Problem statement. Search the data for the word "medium" and copy every line where it occurs.

Material for this task.
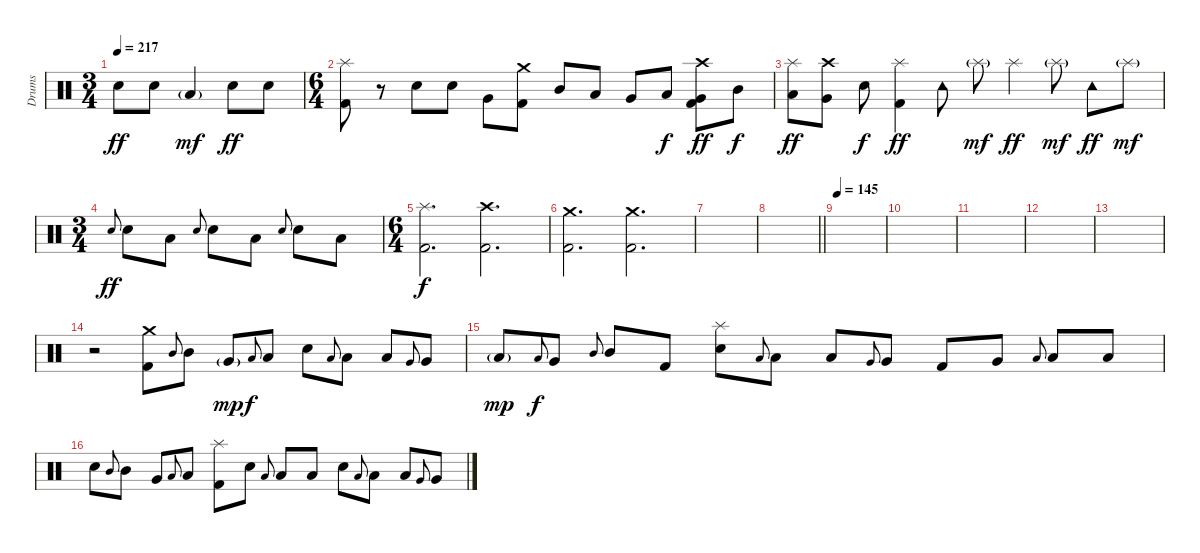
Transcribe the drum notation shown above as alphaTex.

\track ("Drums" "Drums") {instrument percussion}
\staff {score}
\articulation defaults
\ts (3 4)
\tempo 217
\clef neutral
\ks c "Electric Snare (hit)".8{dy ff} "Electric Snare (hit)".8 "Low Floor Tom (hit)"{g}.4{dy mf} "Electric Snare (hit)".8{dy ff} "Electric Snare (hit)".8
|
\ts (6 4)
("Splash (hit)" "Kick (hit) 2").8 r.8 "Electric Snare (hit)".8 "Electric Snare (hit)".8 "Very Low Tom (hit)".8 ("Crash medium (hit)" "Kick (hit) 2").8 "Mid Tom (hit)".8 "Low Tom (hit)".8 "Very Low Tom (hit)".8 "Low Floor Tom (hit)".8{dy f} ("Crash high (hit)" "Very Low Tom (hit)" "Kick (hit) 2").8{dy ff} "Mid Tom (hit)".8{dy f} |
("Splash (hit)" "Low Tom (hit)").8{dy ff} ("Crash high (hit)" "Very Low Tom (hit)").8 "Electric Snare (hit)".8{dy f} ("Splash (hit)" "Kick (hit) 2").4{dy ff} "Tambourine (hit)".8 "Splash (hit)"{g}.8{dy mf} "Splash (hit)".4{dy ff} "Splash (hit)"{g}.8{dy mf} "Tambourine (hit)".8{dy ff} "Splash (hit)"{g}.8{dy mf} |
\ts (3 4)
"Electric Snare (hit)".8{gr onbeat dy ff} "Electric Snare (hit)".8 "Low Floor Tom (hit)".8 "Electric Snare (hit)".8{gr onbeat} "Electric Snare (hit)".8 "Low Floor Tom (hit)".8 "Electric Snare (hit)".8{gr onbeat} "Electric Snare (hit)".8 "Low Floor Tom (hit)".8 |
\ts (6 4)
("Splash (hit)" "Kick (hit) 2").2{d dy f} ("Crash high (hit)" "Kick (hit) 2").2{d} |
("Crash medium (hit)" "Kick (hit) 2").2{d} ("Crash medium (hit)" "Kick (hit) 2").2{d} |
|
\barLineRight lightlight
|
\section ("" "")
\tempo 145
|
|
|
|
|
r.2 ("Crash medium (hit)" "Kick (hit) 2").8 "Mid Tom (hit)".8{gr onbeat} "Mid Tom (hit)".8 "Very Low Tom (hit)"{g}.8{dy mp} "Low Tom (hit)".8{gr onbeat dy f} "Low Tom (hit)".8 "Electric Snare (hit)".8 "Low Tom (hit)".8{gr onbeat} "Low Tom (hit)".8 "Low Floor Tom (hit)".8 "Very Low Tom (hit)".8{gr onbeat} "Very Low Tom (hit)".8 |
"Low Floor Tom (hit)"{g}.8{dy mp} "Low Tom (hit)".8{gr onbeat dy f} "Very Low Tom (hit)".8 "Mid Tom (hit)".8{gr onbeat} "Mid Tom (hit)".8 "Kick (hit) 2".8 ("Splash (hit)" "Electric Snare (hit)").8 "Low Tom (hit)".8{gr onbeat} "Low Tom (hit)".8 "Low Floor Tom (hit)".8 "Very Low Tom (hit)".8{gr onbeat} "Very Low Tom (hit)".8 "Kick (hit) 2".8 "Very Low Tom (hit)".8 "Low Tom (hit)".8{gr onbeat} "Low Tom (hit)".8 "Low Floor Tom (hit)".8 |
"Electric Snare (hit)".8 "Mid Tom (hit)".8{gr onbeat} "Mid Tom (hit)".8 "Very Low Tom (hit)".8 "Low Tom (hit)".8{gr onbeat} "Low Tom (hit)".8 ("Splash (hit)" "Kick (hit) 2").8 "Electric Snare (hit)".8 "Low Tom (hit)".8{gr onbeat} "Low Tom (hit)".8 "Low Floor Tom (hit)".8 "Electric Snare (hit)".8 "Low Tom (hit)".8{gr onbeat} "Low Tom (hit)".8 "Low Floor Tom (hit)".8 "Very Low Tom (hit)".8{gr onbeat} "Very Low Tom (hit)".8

Exercise result.
("Splash (hit)" "Kick (hit) 2").8 r.8 "Electric Snare (hit)".8 "Electric Snare (hit)".8 "Very Low Tom (hit)".8 ("Crash medium (hit)" "Kick (hit) 2").8 "Mid Tom (hit)".8 "Low Tom (hit)".8 "Very Low Tom (hit)".8 "Low Floor Tom (hit)".8{dy f} ("Crash high (hit)" "Very Low Tom (hit)" "Kick (hit) 2").8{dy ff} "Mid Tom (hit)".8{dy f} |
("Crash medium (hit)" "Kick (hit) 2").2{d} ("Crash medium (hit)" "Kick (hit) 2").2{d} |
r.2 ("Crash medium (hit)" "Kick (hit) 2").8 "Mid Tom (hit)".8{gr onbeat} "Mid Tom (hit)".8 "Very Low Tom (hit)"{g}.8{dy mp} "Low Tom (hit)".8{gr onbeat dy f} "Low Tom (hit)".8 "Electric Snare (hit)".8 "Low Tom (hit)".8{gr onbeat} "Low Tom (hit)".8 "Low Floor Tom (hit)".8 "Very Low Tom (hit)".8{gr onbeat} "Very Low Tom (hit)".8 |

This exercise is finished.